There are of course orthogonal solutions to these things, such as hard-wiring your machines or buying a bicycle. But the underlying common problem is that consumers often can't behave securely because of system design. When open wifi became a problem, manufacturers began supplying pre-configured boxes with complex passwords written on their sides. Nothing similar has yet (though it may) happened with the administrative passwords for those routers, which are still shipped with known default settings. These are just two examples among many of situations where we as consumers are being "educated" to pick up slack that more thoughtful design would have avoided entirely.
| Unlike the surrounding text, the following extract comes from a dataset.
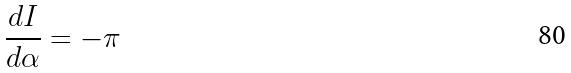Convert formula to latex. <formula><loc_0><loc_0><loc_500><loc_500>\frac { d I } { d \alpha } = - \pi</formula> 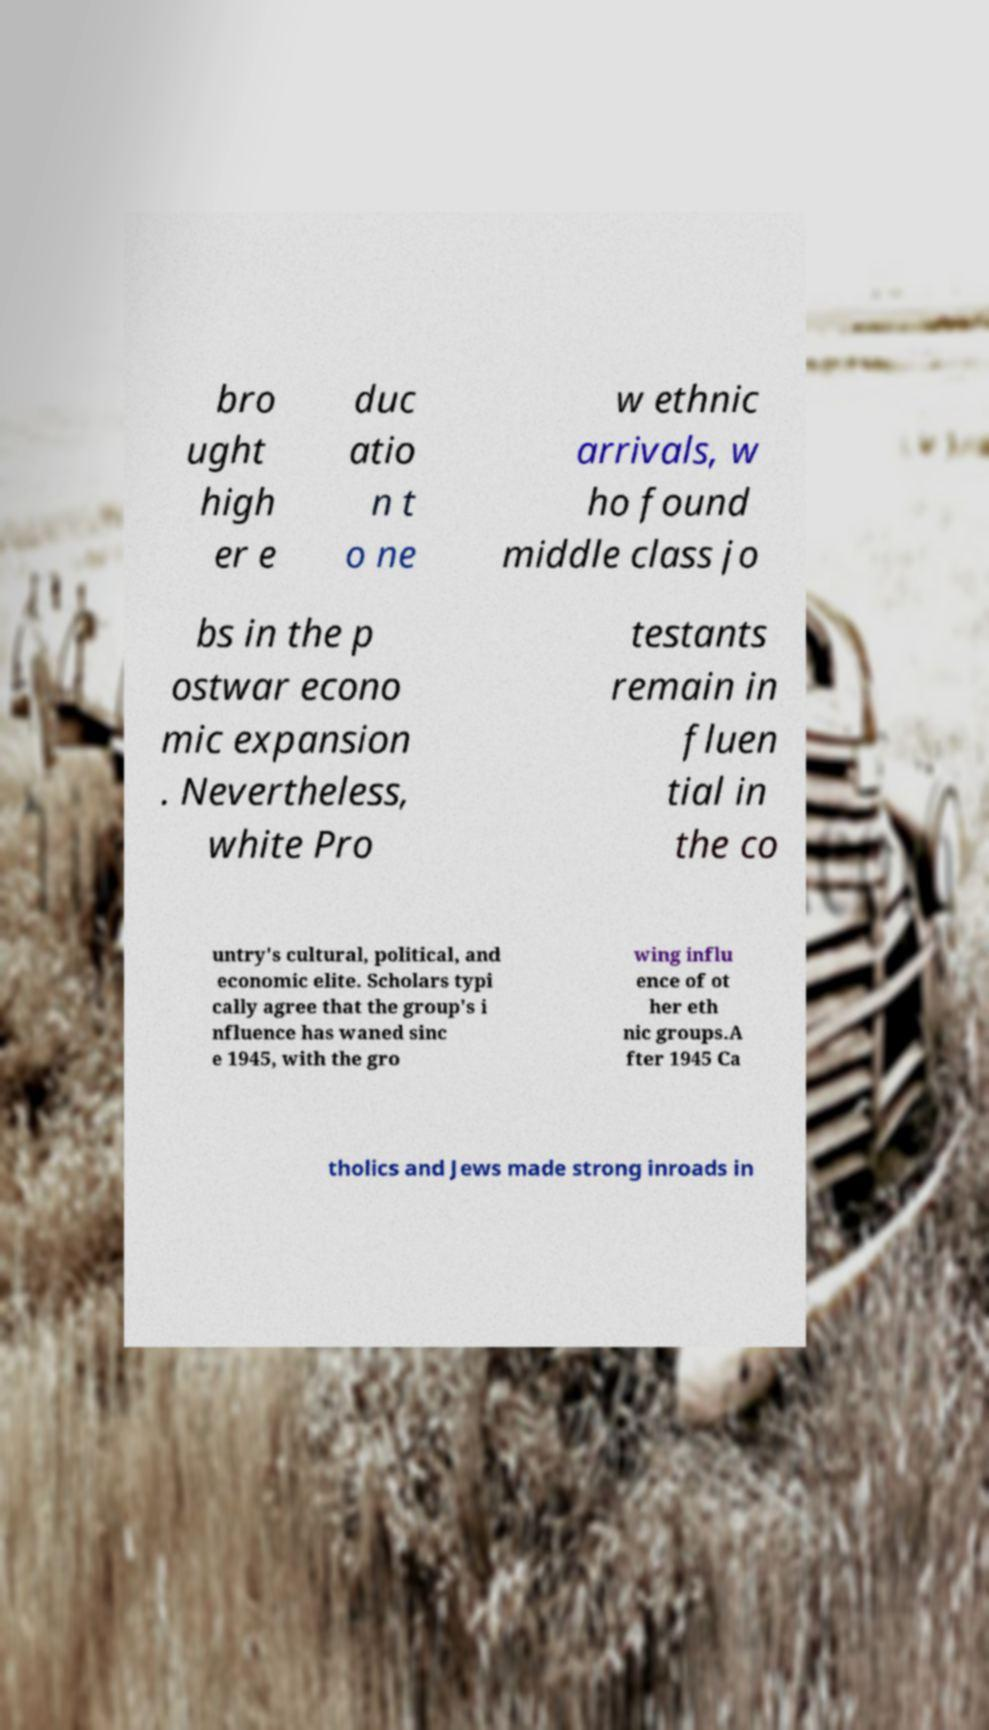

The broader question, of course, which other parts of the RISCS projects tackle, is what *are* the better decisions we should make? So much of modern security advice is folk knowledge, built up by long practice and habit but originally conceived for situations very different from the one we're in now. While looking up the wifi administrator router password issue, I yet again encountered the advice to change passwords every 30 days. Long-time Purdue security professor spaf2011_full.jpgGene Spafford noted in 2006 that this advice was conceived 30 years ago for mainframes based on a very specific threat model that had calculated how long it would take contemporary machines to crack them by brute force. What does this have to do with today's data breaches, rainbow tables, and phishing emails?

The appalling thing is that copyright is starting to surface as an impediment to some choices. You can work freely on a 50-year-old car, but not so much a modern one, as manufacturers use the Digital Millennium Copyright Act to block such activities - even farmers with large, expensive equipment. As a result, a number of states are considering Fair Repair laws - lest you think copyright is all about abstractions. On what Chris Preimesburg in eWeek dubs the Internet of Other People's Things this is all going to be so, so much worse, in so many ways. At the moment, the smart decision is not to buy - or rent - "smart" things. In the near future, "smart" things with built-in flaws will be the path of least resistance. How do we make good decisions then?


Wendy M. Grossman is the 2013 winner of the Enigma Award. Her Web site has an extensive archive of her books, articles, and music, and an archive of earlier columns in this series. Stories about the border wars between cyberspace and real life are posted occasionally during the week at the net.wars Pinboard - or follow on Twitter.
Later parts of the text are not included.